7. Procedure and conditions for processing personal data

The processing of personal data is carried out in accordance with the requirements of the legislation of the Russian Federation.

The processing of personal data is carried out with the consent of the subjects of personal data to the processing of their personal data, as well as without it in cases provided for by the legislation of the Russian Federation.

It is not allowed to disclose to third parties and distribute personal data without the consent of the subject of personal data, unless otherwise provided by federal law. Consent to the processing of personal data authorized by the subject of personal data for distribution is issued separately from other consents of the subject of personal data to the processing of his personal data.

The requirements for the content of the consent to the processing of personal data authorized by the subject of personal data for distribution are approved by the Order of Roskomnadzor dated February 24, 2021 No. 18. Transfer of personal data to the bodies of inquiry and investigation, the Federal Tax Service, the Social Fund of Russia and other authorized executive bodies and organization is carried out in accordance with the requirements of the legislation of the Russian Federation.

In accordance with Part 5 of Article 18 of the Law on Personal Data, when collecting personal data, including through the information and telecommunications network "Internet", the Operator ensures the recording, systematization, accumulation, storage, clarification (updating, changing), extraction of personal data citizens of the Russian Federation using databases located on the territory of the Russian Federation.

8. Methods and terms of personal data processing

The operator collects, records, systematizes, accumulates, stores, clarifies (updates, changes), extracts, uses, transfers (distributes, provides, accesses), depersonalizes, blocks, deletes, destroys personal data.

The operator carries out mixed processing of personal data (with and without the use of automation tools).
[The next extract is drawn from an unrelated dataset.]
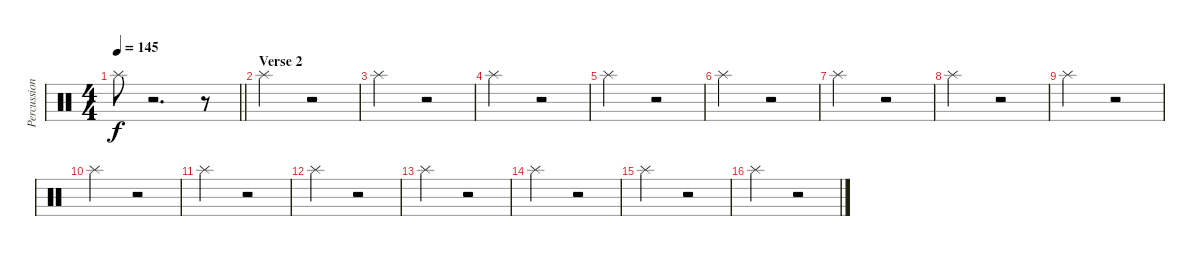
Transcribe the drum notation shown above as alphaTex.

The information received during the processing of personal data is transmitted through the internal network of the Operator, as well as using the Internet.

The term for processing personal data cannot exceed the period determined by the purposes of processing personal data specified in Article 5 of this Policy.
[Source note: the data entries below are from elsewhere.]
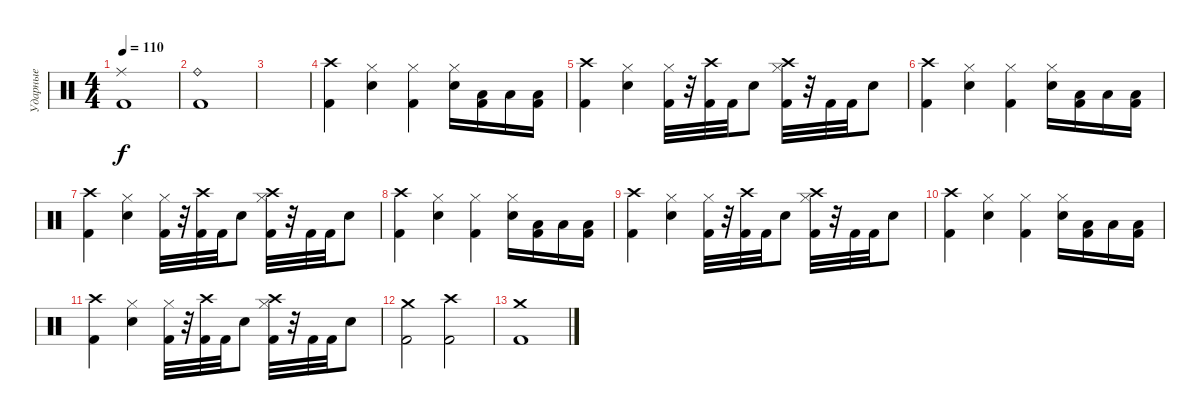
\track ("Ударные" "Ударные") {instrument percussion}
\staff {score}
\articulation defaults
\ts (4 4)
\tempo 110
\clef neutral
\ks c
("Ride (middle)" "Kick (hit) 2").1{dy f} |
("Ride (bell)" "Kick (hit) 2").1 |
|
("Crash high (hit)" "Kick (hit) 2").4 ("Hi-Hat (closed)" "Electric Snare (hit)").4 ("Kick (hit) 2" "Hi-Hat (closed)").4 ("Hi-Hat (closed)" "Electric Snare (hit)").16 ("Kick (hit) 2" "Low Tom (hit)").16 "Low Tom (hit)".16 ("Kick (hit) 2" "Low Tom (hit)").16 |
("Crash high (hit)" "Kick (hit) 2").4 ("Hi-Hat (closed)" "Electric Snare (hit)").4 ("Kick (hit) 2" "Hi-Hat (closed)").32 r.32 ("Kick (hit) 2" "Crash high (hit)").32 "Kick (hit) 2".32 "Electric Snare (hit)".8 ("Hi-Hat (closed)" "Kick (hit) 2" "Crash high (hit)").32 r.32 "Kick (hit) 2".32 "Kick (hit) 2".32 "Electric Snare (hit)".8 |
("Crash high (hit)" "Kick (hit) 2").4 ("Hi-Hat (closed)" "Electric Snare (hit)").4 ("Kick (hit) 2" "Hi-Hat (closed)").4 ("Hi-Hat (closed)" "Electric Snare (hit)").16 ("Kick (hit) 2" "Low Tom (hit)").16 "Low Tom (hit)".16 ("Kick (hit) 2" "Low Tom (hit)").16 |
("Crash high (hit)" "Kick (hit) 2").4 ("Hi-Hat (closed)" "Electric Snare (hit)").4 ("Kick (hit) 2" "Hi-Hat (closed)").32 r.32 ("Kick (hit) 2" "Crash high (hit)").32 "Kick (hit) 2".32 "Electric Snare (hit)".8 ("Hi-Hat (closed)" "Kick (hit) 2" "Crash high (hit)").32 r.32 "Kick (hit) 2".32 "Kick (hit) 2".32 "Electric Snare (hit)".8 |
("Crash high (hit)" "Kick (hit) 2").4 ("Hi-Hat (closed)" "Electric Snare (hit)").4 ("Kick (hit) 2" "Hi-Hat (closed)").4 ("Hi-Hat (closed)" "Electric Snare (hit)").16 ("Kick (hit) 2" "Low Tom (hit)").16 "Low Tom (hit)".16 ("Kick (hit) 2" "Low Tom (hit)").16 |
("Crash high (hit)" "Kick (hit) 2").4 ("Hi-Hat (closed)" "Electric Snare (hit)").4 ("Kick (hit) 2" "Hi-Hat (closed)").32 r.32 ("Kick (hit) 2" "Crash high (hit)").32 "Kick (hit) 2".32 "Electric Snare (hit)".8 ("Hi-Hat (closed)" "Kick (hit) 2" "Crash high (hit)").32 r.32 "Kick (hit) 2".32 "Kick (hit) 2".32 "Electric Snare (hit)".8 |
("Crash high (hit)" "Kick (hit) 2").4 ("Hi-Hat (closed)" "Electric Snare (hit)").4 ("Kick (hit) 2" "Hi-Hat (closed)").4 ("Hi-Hat (closed)" "Electric Snare (hit)").16 ("Kick (hit) 2" "Low Tom (hit)").16 "Low Tom (hit)".16 ("Kick (hit) 2" "Low Tom (hit)").16 |
("Crash high (hit)" "Kick (hit) 2").4 ("Hi-Hat (closed)" "Electric Snare (hit)").4 ("Kick (hit) 2" "Hi-Hat (closed)").32 r.32 ("Kick (hit) 2" "Crash high (hit)").32 "Kick (hit) 2".32 "Electric Snare (hit)".8 ("Hi-Hat (closed)" "Kick (hit) 2" "Crash high (hit)").32 r.32 "Kick (hit) 2".32 "Kick (hit) 2".32 "Electric Snare (hit)".8 |
("Kick (hit) 2" "Crash medium (hit)").2 ("Kick (hit) 2" "Crash high (hit)").2 |
("Kick (hit) 2" "Crash medium (hit)").1

The condition for terminating the processing of personal data is also the expiration of the consent or withdrawal of the consent of the Subject to the processing of his personal data (unless the current legislation provides for the right of the Operator to process personal data in the absence of consent), as well as the identification of unlawful processing of personal data.

The storage of personal data is carried out in a form that allows you to determine the Subject no longer than required by the purposes of processing personal data, except when a different period of storage of personal data is established by federal law or an agreement.
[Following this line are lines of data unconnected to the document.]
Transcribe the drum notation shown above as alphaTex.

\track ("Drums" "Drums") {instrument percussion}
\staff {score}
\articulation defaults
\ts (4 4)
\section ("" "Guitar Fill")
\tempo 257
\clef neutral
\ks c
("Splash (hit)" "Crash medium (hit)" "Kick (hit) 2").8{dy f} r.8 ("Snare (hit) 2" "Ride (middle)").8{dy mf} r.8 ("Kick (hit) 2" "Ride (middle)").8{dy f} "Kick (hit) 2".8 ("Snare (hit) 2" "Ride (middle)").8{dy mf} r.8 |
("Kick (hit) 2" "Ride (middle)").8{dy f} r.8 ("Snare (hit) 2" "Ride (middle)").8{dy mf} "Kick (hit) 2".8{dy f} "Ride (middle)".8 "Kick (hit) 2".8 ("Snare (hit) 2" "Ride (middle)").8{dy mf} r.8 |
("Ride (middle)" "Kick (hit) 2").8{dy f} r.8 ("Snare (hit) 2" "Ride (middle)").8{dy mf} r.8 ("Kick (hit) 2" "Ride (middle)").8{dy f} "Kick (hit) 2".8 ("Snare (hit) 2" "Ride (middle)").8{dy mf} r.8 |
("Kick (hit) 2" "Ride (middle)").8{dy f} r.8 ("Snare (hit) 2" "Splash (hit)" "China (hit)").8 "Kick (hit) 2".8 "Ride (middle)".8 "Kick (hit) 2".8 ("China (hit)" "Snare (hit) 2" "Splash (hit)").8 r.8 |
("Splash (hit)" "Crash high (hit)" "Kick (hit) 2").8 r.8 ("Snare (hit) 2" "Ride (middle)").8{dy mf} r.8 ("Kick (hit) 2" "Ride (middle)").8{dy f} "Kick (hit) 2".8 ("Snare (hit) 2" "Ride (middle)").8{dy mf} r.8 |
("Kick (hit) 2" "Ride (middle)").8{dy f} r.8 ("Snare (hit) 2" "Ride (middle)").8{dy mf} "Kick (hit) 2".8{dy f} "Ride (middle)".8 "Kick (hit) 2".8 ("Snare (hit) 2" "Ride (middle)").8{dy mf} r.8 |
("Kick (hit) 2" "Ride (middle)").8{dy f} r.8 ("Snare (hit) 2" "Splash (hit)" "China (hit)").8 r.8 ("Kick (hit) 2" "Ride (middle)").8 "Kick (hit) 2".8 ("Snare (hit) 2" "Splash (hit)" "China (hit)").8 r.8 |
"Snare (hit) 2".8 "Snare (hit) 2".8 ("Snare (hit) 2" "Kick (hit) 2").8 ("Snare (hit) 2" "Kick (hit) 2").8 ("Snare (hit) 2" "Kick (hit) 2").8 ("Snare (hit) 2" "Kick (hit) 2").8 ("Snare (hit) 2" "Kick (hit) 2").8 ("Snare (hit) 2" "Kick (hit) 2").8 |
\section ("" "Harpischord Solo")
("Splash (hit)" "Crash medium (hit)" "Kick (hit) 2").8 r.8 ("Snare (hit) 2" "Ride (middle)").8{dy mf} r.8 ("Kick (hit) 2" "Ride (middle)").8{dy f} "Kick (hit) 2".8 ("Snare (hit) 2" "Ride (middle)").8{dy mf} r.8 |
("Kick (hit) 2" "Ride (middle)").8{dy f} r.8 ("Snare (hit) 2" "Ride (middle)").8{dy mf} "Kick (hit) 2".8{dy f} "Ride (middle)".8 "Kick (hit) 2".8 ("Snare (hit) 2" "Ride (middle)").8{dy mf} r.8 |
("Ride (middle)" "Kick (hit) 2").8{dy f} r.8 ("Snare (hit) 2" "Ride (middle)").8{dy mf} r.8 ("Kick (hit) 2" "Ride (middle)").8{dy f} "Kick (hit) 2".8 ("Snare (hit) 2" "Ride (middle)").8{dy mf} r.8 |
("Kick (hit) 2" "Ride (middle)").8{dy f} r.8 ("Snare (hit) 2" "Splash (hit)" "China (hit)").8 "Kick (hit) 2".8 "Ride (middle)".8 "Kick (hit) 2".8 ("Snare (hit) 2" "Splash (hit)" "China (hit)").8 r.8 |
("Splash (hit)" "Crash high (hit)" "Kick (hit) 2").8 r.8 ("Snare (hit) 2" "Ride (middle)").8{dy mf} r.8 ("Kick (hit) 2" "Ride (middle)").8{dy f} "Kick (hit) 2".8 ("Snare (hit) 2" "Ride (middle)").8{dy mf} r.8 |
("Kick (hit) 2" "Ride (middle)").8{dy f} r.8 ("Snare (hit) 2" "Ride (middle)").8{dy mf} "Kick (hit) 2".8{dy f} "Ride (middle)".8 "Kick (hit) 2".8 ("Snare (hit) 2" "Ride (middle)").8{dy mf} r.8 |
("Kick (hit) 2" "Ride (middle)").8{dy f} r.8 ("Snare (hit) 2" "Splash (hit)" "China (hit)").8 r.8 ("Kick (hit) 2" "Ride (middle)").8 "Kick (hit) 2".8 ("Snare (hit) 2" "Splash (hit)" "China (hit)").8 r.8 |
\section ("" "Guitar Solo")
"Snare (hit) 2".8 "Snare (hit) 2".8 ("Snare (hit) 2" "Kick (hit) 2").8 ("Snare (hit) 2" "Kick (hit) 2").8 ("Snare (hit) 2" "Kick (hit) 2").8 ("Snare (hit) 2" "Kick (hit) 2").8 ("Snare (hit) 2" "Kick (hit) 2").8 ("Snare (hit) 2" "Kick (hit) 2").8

9. Ensuring the security of personal data

The main personal data protection measures used by the Operator are:

- Development of a policy regarding the processing of personal data;

- Establishment of individual passwords for access to the information system;

- The use of information security tools that have passed the conformity assessment procedure in the prescribed manner;

- Certified anti-virus software with regularly updated databases;

- Compliance with the conditions that ensure the safety of personal data and exclude unauthorized access to them;

- Detection of facts of unauthorized access to personal data and taking measures;

- Recovery of personal data modified or destroyed due to unauthorized access to them;

- Implementation of internal control and audit.